1.3.1. Komponenten der Fragestellung

1.3.1.2. Interventionsgruppen

1.3.1.2.1. Standardisierung nicht-pharmakologischer Intervention

Als schwierig gelten im Rahmen von kontrollierten klinischen Studien die Standardisierung nicht-pharmakologischer Interventionen, z.B. Chirurgie, Psychotherapie, Chirotherapie, und komplexer Interventionen, z.B. Prävention und Gesundheitsförderung in sozialen Settings, Organisationsprogramme. Das UK „Medical Research Council“ entwickelte ein „Framework for the Development and Evaluation of Randomised Controlled Trials for Complex

Schwierigkeiten bei der Bestimmung, Isolierung, Optimierung und Normierung, also der Standardisierung der „aktiven“ Komponenten [Campbell, 2000; Hawe, 2004; Murchie, 2007;

Peters-Klimm, 2007].

Die in klinischen Studien ermittelten Effekte von durch soziale Interaktionen (Inter-individuen oder Inter-Gruppen) oder professionelle Interaktionen (z.B. multidisziplinäre Prüfärzte) modifizierbaren Interventionen können zur Kontamination zwischen den

Interventionseffekten führen. Diese Kontamination resultiert oft in der Unterschätzung des Nutzens und der Überschätzung des Risikos der experimentellen Intervention und ist generell mit zusätzlichen Unsicherheiten bei der Interpretation der Ergebnisse verbunden [Murphy, 2006; Torgerson, 2001]. Bei erwarteter hoher Rate von inter-individueller

Kontamination können Cluster-RCTs verwendet werden, wobei die Randomisierungs- und Auswertungseinheit das Setting oder die jeweilige Teilnehmergruppe ist [Hahn, 2005;

Eldridge, 2004; Donner, 2001]. Allerdings weisen Cluster-RCTs im Vergleich zu Individuum-basierten RCTs in der Regel höhere Fallzahl, höhere Rekrutierungshürden und höhere Studienaustrittsraten auf. Zumal eine Cluster-RCT durch unvollständiges Allocation Concealment und mangelnde Rekrutierbarkeit aller Mitglieder eines Clusters vor der Randomisierung für Selection-Bias empfänglich ist. Pseudo-Cluster-RCTs sind Studien bei denen lediglich ein großer Anteil der Mitglieder des Clusters, die der experimentellen Intervention zufällig zugewiesen sind, diese Intervention erhalten und wenige Mitglieder die Kontrollintervention bekommen. Dies findet vice versa in den Kontroll-Clustern statt.

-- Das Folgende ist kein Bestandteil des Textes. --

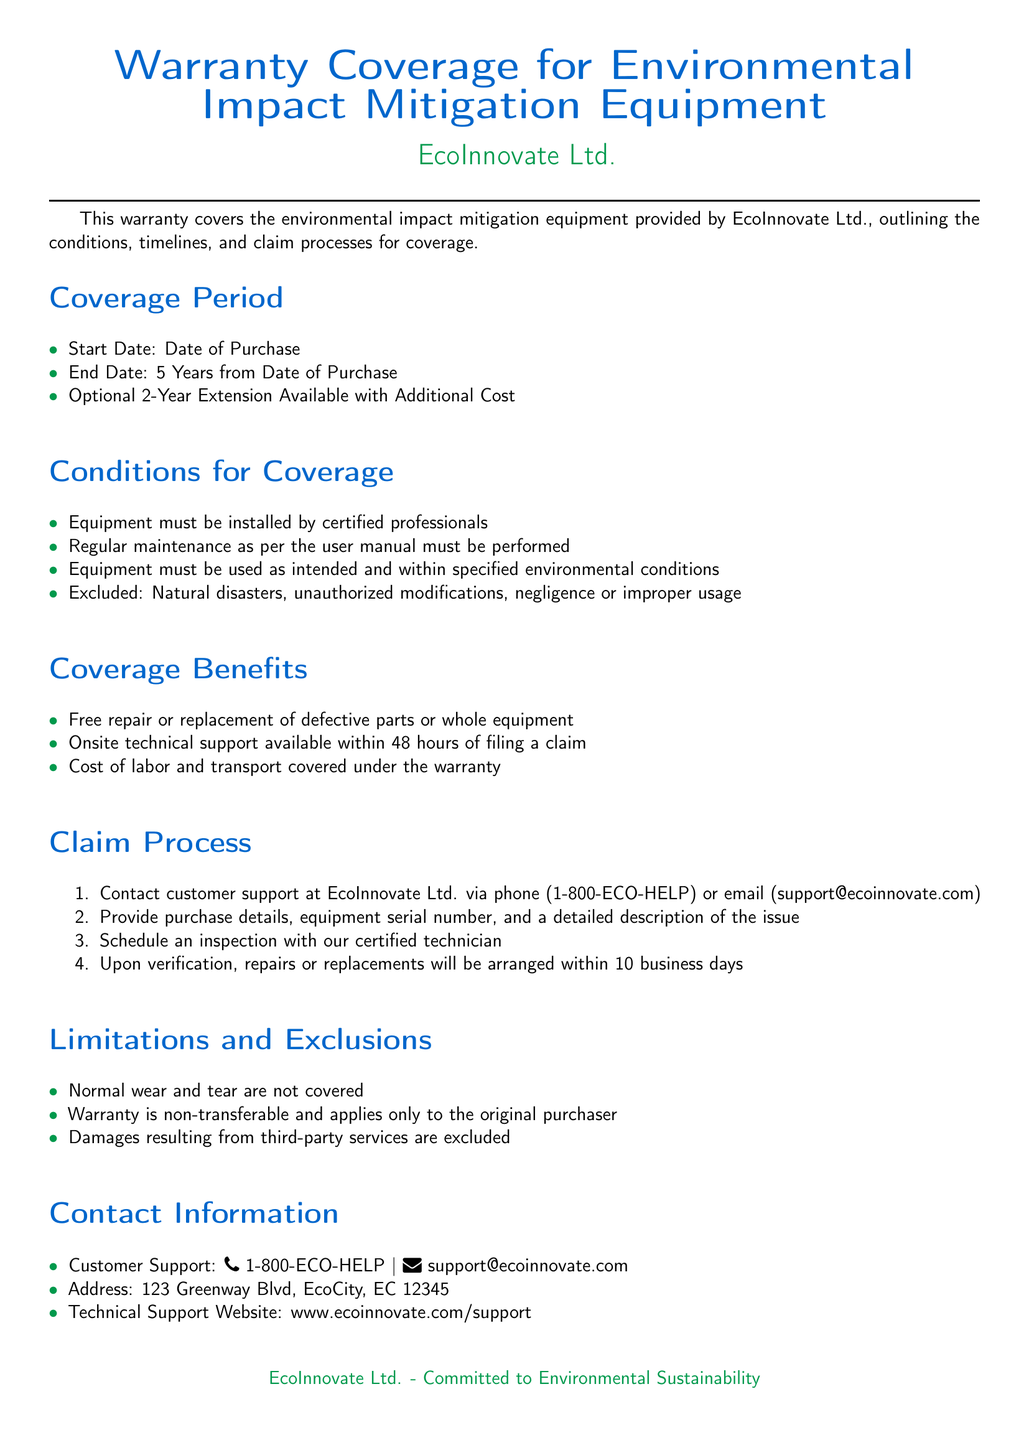What is the warranty coverage period? The warranty coverage period is from the date of purchase to five years later.
Answer: Five years What is the start date of the warranty? The start date of the warranty is the date the equipment is purchased.
Answer: Date of Purchase What is one condition for coverage under this warranty? One condition for coverage is that the equipment must be installed by certified professionals.
Answer: Installed by certified professionals What is excluded from the warranty coverage? Damages resulting from unauthorized modifications are excluded from the warranty.
Answer: Unauthorized modifications What is the timeline for repairs or replacements after verification? Repairs or replacements will be arranged within ten business days after verification.
Answer: Ten business days How long does technical support take to respond after a claim is filed? The technical support is available onsite within 48 hours of filing a claim.
Answer: 48 hours What is the optional extension available for the warranty? An optional extension of two years is available for an additional cost.
Answer: Two years What is the contact phone number for customer support? The contact phone number for customer support is displayed in the document.
Answer: 1-800-ECO-HELP 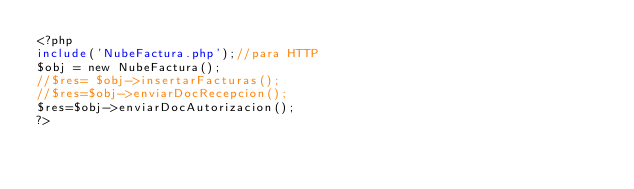Convert code to text. <code><loc_0><loc_0><loc_500><loc_500><_PHP_><?php
include('NubeFactura.php');//para HTTP
$obj = new NubeFactura();
//$res= $obj->insertarFacturas();
//$res=$obj->enviarDocRecepcion();
$res=$obj->enviarDocAutorizacion();
?></code> 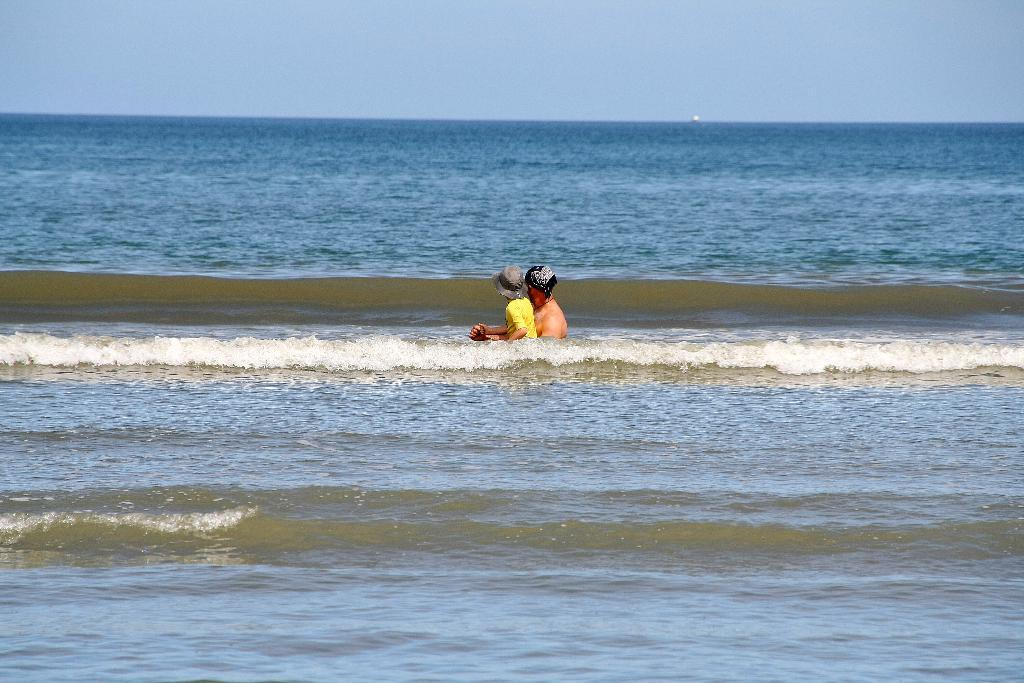How many people are in the water in the image? There are two persons in the water in the image. What are the persons wearing on their heads? Both persons are wearing caps. What can be seen in the background of the image? There is water and the sky visible in the background. What type of soda is being poured into the water by the persons in the image? There is no soda present in the image; it features two persons in the water wearing caps. Can you describe the mist in the image? There is no mist present in the image; it features two persons in the water wearing caps, with water and the sky visible in the background.

Pseudo-Cluster-RCTs wurden zur Reduzierung der Fallzahl (Erhöhung der Trial-Effizienz), Verbesserung der Rekrutierung und des Allocation Concealment vorgeschlagen [Teerenstra, 2006; Borm, 2005].

Expertise-basierte RCTs wurden für verbesserte Standardisierung der durch Erfahrungen von Prüfärzten beeinflussbaren Interventionen, z.B. Chirurgie, vorgeschlagen [Devereaux, 2005], wenngleich die darin geforderte große Expertise zu begrenzter externer Validität führen kann. Statistisches Monitoring und Rückmeldung für Prüfärzte bezüglich nicht

standardisierter Intervention (z.B. Psychotherapie) wurde als eine kostengünstige Alternative zu Schulungen und Manualen vorgeschlagen [Iberg, 1991].

Nicht-pharmakologische Interventionen, die in Clusters durchgeführt werden, z.B.

Programme zur Gesundheitsförderung in Schulen, oder die durch die Expertise der Prüfärzte variieren (z.B. Psychotherapie), sollen durch Schulungen, Audits und externe Gutachter standardisiert und evaluiert werden.

1.3.1.2.2. Selektion der Kontroll-Gruppe

Der Biometriker Francis Galton schlug bereits 1872 vor, eine Kontrollgruppe einzusetzen, um die Wirksamkeit von Gebeten zu ermitteln [Dehue, 2000]. Ein gelegentlicher Einsatz von Kontrollgruppen kann bis ins 6. Jh. v. Chr. (im Buch Daniel) zurückverfolgt werden. Die systematische Verwendung einer Kontrollgruppe als methodische Anforderung an Experimente wurde erst seit Anfang des 20. Jahrhunderts beobachtet [Dehue, 2000].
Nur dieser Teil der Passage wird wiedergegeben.